• THE TASK
Up to and including the line that contains "name: (x, y, z);", return every line from the start of the data, unchanged.

• RECORDS FOR THIS EXERCISE
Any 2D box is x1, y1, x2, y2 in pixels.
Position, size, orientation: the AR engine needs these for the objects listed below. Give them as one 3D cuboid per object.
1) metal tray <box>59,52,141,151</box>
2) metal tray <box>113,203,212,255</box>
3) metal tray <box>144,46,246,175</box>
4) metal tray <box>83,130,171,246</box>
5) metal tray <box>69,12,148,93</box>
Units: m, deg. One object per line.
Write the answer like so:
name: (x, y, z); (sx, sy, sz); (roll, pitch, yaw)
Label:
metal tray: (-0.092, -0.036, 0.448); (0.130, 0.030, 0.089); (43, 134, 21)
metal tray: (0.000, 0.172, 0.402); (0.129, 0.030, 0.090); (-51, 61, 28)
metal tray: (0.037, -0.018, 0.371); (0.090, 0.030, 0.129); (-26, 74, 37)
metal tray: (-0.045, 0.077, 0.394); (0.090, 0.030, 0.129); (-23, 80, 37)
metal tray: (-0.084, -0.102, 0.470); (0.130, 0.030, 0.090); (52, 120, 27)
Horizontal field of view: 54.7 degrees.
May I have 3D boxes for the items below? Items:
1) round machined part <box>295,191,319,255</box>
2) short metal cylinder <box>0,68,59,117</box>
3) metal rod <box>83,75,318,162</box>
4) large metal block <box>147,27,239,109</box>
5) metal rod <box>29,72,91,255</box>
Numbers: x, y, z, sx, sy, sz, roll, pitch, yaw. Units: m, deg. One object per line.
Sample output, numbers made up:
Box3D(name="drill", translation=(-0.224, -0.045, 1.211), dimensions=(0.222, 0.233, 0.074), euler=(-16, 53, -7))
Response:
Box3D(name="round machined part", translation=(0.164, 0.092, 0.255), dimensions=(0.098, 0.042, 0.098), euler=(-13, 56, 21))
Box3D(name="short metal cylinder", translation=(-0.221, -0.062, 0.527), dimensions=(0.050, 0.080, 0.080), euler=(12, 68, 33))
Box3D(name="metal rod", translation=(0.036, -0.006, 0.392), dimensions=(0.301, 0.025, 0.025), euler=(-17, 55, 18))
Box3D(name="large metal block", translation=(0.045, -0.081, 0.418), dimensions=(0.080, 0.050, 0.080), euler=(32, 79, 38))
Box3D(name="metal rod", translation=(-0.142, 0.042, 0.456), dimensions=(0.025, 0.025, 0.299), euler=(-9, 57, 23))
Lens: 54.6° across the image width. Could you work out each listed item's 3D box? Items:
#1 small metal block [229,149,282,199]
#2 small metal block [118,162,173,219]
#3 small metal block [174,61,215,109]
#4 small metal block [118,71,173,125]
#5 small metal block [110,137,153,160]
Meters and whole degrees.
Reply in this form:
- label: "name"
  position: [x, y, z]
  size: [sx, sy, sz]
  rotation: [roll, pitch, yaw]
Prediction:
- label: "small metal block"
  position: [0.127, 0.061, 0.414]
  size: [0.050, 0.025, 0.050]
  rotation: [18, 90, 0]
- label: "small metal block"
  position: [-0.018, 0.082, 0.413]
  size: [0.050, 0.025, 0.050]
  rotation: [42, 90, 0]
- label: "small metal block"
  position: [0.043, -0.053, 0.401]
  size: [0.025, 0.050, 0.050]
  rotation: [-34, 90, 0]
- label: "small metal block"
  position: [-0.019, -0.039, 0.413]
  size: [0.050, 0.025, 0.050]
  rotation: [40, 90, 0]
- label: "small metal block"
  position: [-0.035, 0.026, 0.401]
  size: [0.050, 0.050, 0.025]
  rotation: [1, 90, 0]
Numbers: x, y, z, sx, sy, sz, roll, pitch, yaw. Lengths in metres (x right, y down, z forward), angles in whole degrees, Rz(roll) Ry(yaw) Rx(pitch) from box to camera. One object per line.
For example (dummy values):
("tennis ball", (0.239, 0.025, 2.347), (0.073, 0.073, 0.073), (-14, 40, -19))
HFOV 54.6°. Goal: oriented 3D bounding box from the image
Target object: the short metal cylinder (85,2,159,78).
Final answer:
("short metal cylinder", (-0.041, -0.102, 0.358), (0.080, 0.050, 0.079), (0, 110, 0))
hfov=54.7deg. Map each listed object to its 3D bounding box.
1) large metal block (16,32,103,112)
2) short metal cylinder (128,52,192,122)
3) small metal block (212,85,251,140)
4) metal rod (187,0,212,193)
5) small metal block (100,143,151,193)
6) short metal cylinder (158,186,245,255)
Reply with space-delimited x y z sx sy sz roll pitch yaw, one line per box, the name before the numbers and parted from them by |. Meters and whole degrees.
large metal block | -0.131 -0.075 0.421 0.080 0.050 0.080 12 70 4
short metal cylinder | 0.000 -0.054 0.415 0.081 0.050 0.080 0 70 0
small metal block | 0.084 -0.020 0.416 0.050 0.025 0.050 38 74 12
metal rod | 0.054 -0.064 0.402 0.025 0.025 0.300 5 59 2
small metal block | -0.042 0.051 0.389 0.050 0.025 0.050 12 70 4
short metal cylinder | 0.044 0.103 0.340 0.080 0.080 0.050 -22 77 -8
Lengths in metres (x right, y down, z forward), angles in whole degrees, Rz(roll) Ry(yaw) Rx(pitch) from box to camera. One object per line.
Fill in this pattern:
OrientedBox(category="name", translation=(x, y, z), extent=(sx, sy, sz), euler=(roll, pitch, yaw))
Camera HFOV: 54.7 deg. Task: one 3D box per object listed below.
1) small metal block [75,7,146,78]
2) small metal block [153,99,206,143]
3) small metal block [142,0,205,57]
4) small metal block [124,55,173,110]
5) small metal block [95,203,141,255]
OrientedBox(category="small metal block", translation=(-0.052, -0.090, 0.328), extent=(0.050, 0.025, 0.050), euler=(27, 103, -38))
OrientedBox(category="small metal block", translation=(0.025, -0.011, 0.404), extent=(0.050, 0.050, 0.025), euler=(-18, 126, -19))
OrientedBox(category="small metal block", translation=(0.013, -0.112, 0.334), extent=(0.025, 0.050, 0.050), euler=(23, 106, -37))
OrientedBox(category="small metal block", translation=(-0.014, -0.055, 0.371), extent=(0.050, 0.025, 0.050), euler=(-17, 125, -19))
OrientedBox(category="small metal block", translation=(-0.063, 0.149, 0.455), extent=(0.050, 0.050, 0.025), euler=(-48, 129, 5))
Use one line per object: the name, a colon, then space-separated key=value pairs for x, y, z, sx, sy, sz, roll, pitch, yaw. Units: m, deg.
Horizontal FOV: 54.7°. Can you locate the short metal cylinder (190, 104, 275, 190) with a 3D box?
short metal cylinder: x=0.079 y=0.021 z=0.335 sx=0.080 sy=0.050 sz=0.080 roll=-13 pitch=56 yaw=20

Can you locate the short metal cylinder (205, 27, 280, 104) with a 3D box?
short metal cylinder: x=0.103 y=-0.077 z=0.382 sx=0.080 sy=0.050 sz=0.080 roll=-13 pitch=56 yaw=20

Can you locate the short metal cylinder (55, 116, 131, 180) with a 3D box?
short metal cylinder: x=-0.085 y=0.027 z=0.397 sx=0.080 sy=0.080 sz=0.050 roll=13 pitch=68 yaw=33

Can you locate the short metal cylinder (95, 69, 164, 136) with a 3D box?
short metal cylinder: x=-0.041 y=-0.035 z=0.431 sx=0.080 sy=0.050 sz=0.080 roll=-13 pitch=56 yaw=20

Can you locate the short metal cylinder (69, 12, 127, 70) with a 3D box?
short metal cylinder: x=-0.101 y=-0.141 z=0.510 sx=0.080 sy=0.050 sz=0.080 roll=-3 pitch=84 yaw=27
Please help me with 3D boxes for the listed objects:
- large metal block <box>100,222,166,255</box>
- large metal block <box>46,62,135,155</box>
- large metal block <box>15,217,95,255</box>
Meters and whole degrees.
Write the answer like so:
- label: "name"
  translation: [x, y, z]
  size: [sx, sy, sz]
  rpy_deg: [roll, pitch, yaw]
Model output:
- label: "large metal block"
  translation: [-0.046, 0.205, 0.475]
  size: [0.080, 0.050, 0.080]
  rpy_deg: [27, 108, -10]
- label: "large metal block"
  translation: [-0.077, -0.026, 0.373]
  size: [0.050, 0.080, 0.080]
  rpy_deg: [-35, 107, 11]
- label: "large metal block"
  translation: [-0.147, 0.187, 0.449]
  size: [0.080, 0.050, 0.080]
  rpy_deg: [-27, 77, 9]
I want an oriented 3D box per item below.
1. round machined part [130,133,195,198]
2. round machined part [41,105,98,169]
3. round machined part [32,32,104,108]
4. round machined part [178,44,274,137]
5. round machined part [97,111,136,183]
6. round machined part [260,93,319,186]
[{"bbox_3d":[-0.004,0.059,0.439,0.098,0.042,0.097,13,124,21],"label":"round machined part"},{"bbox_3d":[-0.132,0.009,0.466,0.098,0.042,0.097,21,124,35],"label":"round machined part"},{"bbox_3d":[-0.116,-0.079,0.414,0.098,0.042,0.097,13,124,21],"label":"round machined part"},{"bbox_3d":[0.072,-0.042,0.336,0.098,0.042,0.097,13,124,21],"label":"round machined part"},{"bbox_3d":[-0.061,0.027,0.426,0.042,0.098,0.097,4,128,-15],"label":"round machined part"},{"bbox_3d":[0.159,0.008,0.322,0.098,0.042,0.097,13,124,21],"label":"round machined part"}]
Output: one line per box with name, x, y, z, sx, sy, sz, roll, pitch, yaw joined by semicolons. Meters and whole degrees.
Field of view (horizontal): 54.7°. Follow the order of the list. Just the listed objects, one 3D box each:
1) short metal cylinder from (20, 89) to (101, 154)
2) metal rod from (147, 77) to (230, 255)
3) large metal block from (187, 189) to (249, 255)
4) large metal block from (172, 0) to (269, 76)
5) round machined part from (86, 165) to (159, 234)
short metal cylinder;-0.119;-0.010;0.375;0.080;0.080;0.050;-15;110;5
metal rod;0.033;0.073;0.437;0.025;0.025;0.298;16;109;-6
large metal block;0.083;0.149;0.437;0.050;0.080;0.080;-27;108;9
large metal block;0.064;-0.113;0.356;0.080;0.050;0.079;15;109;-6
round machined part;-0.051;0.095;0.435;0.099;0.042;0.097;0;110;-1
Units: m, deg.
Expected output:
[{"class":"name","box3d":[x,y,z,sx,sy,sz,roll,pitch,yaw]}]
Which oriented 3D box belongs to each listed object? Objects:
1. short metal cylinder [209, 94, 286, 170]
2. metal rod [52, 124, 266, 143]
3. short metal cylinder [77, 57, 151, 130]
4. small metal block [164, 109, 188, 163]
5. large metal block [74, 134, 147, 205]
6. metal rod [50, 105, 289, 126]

• FINISHED TASK
Any 2D box is x1, y1, x2, y2 in pixels.
Position, size, orientation: the AR engine needs these for the objects listed below. Give them as one 3D cuboid per object.
1) metal tray <box>59,52,141,151</box>
2) metal tray <box>113,203,212,255</box>
3) metal tray <box>144,46,246,175</box>
4) metal tray <box>83,130,171,246</box>
5) metal tray <box>69,12,148,93</box>
Units: m, deg. One object per line.
Write the answer like so:
name: (x, y, z); (sx, sy, sz); (roll, pitch, yaw)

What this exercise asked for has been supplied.